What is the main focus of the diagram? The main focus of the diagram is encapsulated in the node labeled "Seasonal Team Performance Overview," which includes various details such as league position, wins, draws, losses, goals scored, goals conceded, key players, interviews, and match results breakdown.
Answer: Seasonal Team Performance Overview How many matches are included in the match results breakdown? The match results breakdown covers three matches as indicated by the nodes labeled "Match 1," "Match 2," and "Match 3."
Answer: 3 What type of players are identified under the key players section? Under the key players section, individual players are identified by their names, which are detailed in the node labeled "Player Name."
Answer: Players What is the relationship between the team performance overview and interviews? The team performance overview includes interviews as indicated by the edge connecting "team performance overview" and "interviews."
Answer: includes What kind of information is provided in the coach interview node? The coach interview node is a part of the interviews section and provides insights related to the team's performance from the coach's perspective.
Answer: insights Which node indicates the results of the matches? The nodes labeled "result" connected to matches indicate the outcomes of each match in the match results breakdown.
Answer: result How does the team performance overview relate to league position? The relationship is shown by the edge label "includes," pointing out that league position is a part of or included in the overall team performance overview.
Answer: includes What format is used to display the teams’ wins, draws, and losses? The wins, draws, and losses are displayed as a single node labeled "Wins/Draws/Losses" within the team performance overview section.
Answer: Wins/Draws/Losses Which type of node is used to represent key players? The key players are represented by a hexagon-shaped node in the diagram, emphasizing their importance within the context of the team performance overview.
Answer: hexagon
:::
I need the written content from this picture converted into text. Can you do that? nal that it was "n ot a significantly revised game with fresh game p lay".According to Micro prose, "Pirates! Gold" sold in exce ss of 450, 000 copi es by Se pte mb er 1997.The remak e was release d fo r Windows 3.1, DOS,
:::
**TASK OBJECTIVE**
Among the entries above, the line containing "What is the main", the line containing "Answer: includes What kind", and all lines between them are to be restated word for word; nothing else belongs in the reply.

**EXERCISE RESULT**
What is the main focus of the diagram? The main focus of the diagram is encapsulated in the node labeled "Seasonal Team Performance Overview," which includes various details such as league position, wins, draws, losses, goals scored, goals conceded, key players, interviews, and match results breakdown.
Answer: Seasonal Team Performance Overview How many matches are included in the match results breakdown? The match results breakdown covers three matches as indicated by the nodes labeled "Match 1," "Match 2," and "Match 3."
Answer: 3 What type of players are identified under the key players section? Under the key players section, individual players are identified by their names, which are detailed in the node labeled "Player Name."
Answer: Players What is the relationship between the team performance overview and interviews? The team performance overview includes interviews as indicated by the edge connecting "team performance overview" and "interviews."
Answer: includes What kind of information is provided in the coach interview node? The coach interview node is a part of the interviews section and provides insights related to the team's performance from the coach's perspective.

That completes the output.